PORTAL7.CO.ID - Membeli rumah pertama adalah tonggak pencapaian finansial yang monumental, namun di tengah gairahnya, risiko penipuan oleh pengembang nakal sering kali membayangi. Sebagai konsultan properti profesional, saya menekankan bahwa langkah awal yang paling krusial bukanlah mencari tipe Rumah Minimalis termurah, melainkan melakukan validasi mendalam terhadap kredibilitas pihak penjual. Kesalahan dalam verifikasi ini dapat berujung pada kerugian waktu, uang, dan stabilitas sosial keluarga Anda di masa depan.

Memeriksa Legalitas Izin Prasyarat Pembangunan

Langkah pertama yang tidak boleh dilewatkan adalah memastikan bahwa developer memiliki semua izin yang diperlukan sebelum memasarkan unitnya. Ini mencakup Izin Mendirikan Bangunan (IMB) atau Persetujuan Bangunan Gedung (PBG) dan Sertifikat Laik Fungsi (SLF) jika proyek sudah berjalan. Jangan mudah tergiur hanya dengan brosur mewah; minta salinan legalitas tersebut dan verifikasi langsung ke kantor dinas terkait di wilayah domisili properti. Developer terpercaya tidak akan segan menunjukkan dokumen ini, karena ini adalah cerminan kepatuhan mereka terhadap regulasi pemerintah.

Memahami Status Kepemilikan Tanah dan Sertifikat

Aspek fundamental lainnya adalah status tanah.

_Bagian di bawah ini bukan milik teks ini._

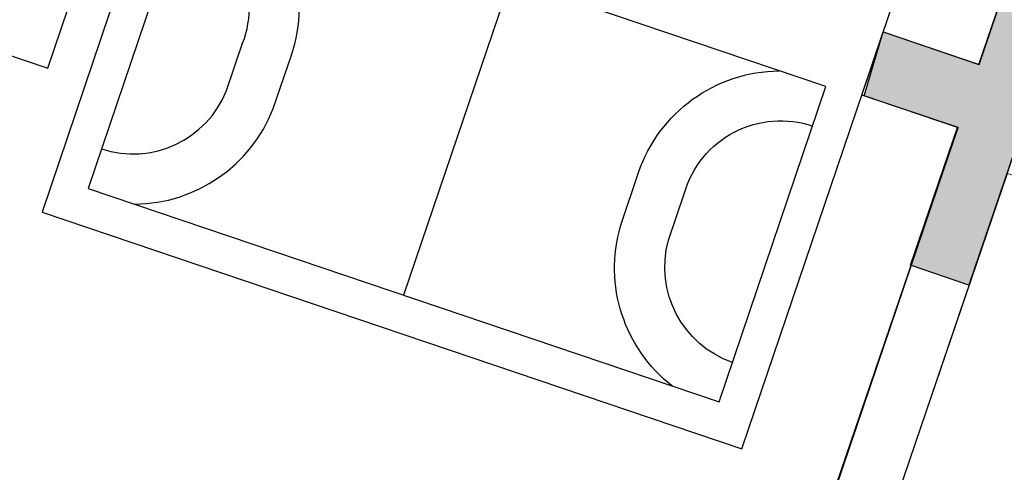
# Model space of a CAD drawing. Header units: millimetres. Extents: x -21286 to 456611, y -160636 to 272086.
# Tile 3 of 12: x 168132 to 227244, y -77076 to -49879. Entities that reach past the tile are written whole.
import ezdxf

# ---------------------------------------------------------------- set-up
doc = ezdxf.new("R2010")
doc.units = ezdxf.units.MM
doc.header["$LTSCALE"] = 0.5
for name, color, linetype in [('arc. 254', 254, 'Continuous'), ('pen 0.05mm', 7, 'Continuous'), ('pen 0.15mm', 1, 'Continuous')]:
    doc.layers.add(name, color=color, linetype=linetype)
doc.layers.add('hulplijn', color=140, linetype='Continuous', plot=False)

# ---------------------------------------------------------------- blocks, each defined once
blk = doc.blocks.new('1302-KAVEL-02')
at = {"layer": 'arc. 254'}
h = blk.add_hatch(color=256, dxfattribs=at)
h.dxf.hatch_style = 1
h.paths.add_polyline_path([(-98062, -53160), (-104499, -72096), (-108003, -70905), (-105187, -62625), (-110779, -60731), (-109648, -56891), (-103900, -58838), (-101566, -51974)])
at = {"layer": 'pen 0.05mm'}
blk.add_lwpolyline([(-98062, -53160), (-104499, -72096), (-108003, -70905), (-105187, -62625), (-110779, -60731), (-109648, -56891), (-103900, -58838), (-101566, -51974)], close=True, dxfattribs=at)
blk = doc.blocks.new('test')
at = {"layer": 'hulplijn', "lineweight": 0}
for points in [[(-189624, -81481), (-122624, -114224), (-105153, -62637), (-110931, -60680), (-118132, -81943), (-160143, -67715), (-144500, -21385), (-102446, -35628), (-109648, -56891), (-103890, -58841), (-101565, -51969), (-99116, -34453), (-111333, -29134), (-187768, -3247, -0.851578)], [(-121353, 86078), (-121353, 72407), (-111756, 72407), (-111756, 68207), (-121354, 68207), (-121354, 59998), (-118240, 0), (0, 0), (-33927, -55349), (-80076, -39719), (-90149, -69460), (-102178, -65386), (-119363, -115818), (-96002, -127235), (21150, -166911), (22644, -156859), (31182, -125965, -0.055364), (48954, -91286), (126991, 21627), (124043, 23922), (45748, 72018), (34673, 70810), (25691, 75939), (4492, 84971)]]:
    blk.add_lwpolyline(points, format="xyb", dxfattribs=at)
at = {"layer": 'pen 0.05mm'}
for points in [[(-122715, -114180), (-105153, -62637), (-110931, -60680), (-109648, -56891), (-103890, -58841), (-94324, -30671), (-90820, -31858), (-119363, -115818)], [(-157385, -66290), (-119499, -79121), (-113083, -60178), (-150970, -47347)]]:
    blk.add_lwpolyline(points, close=True, dxfattribs=at)
for points in [[(-154583, -67239, 0.307103), (-146270, -61498), (-145172, -58284, 0.319198), (-148168, -48295, -0.550211)], [(-156583, -63922, 0.394847), (-149066, -60412), (-148104, -57570, 0.427177), (-151772, -49714, 40.616989)], [(-122301, -78172, -0.307103), (-125416, -68561), (-124334, -65341, -0.319198), (-115885, -59229, 0.550211)], [(-118697, -76753, -0.394847), (-122535, -69397), (-121572, -66556, -0.427177), (-113885, -62546, -40.616989)]]:
    blk.add_lwpolyline(points, format="xyb", dxfattribs=at)
blk.add_lwpolyline([(-132027, -53762), (-138442, -72705)], dxfattribs=at)
at = {"layer": 'pen 0.15mm'}
for points in [[(-191242, -48420), (-159797, -59071), (-146901, -20994), (-178347, -10344)], [(-160143, -67715), (-118132, -81943), (-102446, -35628), (-144500, -21385)]]:
    blk.add_lwpolyline(points, close=True, dxfattribs=at)

msp = doc.modelspace()

# ---------------------------------------------------------------- block references
for name in ['test', '1302-KAVEL-02']:
    msp.add_blockref(name, (329619, 6274))

doc.saveas('drawing.dxf')

Pastikan tanah yang dibangun adalah Hak Guna Bangunan (HGB) di atas Hak Milik (SHM) atau langsung SHM. Developer yang jujur akan menunjukkan Sertifikat Induk atas nama perusahaan mereka. Penipuan sering terjadi ketika developer menjual unit menggunakan surat perjanjian pengikatan jual beli (PPJB) tanpa mengantongi SHM pecah per kavling. Jika Anda berencana mengajukan KPR Bank, bank akan menolak pembiayaan jika sertifikat induknya bermasalah atau masih dalam status sengketa.

Dampak Ekonomi Jangka Panjang dari Pembelian Bermasalah

Secara ekonomi, terjebak dalam proyek fiktif atau mangkrak akan menghambat rencana keuangan Anda secara signifikan. Uang muka yang sudah dibayarkan sering kali sulit kembali, dan jika Anda sudah terlanjur mencicil ke developer, Anda kehilangan kesempatan untuk mendapatkan Cicilan Rumah Murah melalui skema KPR bank yang menawarkan Suku Bunga Rendah kompetitif. Penundaan serah terima kunci akibat masalah hukum developer juga berarti Anda harus terus mengeluarkan biaya sewa, yang merupakan beban ganda yang merugikan.

Menilai Track Record dan Reputasi Developer

Kredibilitas developer dapat dinilai dari rekam jejak proyek sebelumnya. Cari tahu apakah proyek-proyek yang sudah mereka bangun telah terselesaikan tepat waktu dan sesuai spesifikasi yang dijanjikan. Kunjungi lokasi proyek lama mereka, bicaralah dengan penghuni di sana mengenai kualitas bangunan dan pelayanan purna jual. Developer yang memiliki reputasi baik adalah aset penting dalam Investasi Properti Anda, karena mereka cenderung menjaga kualitas untuk menjaga citra merek mereka.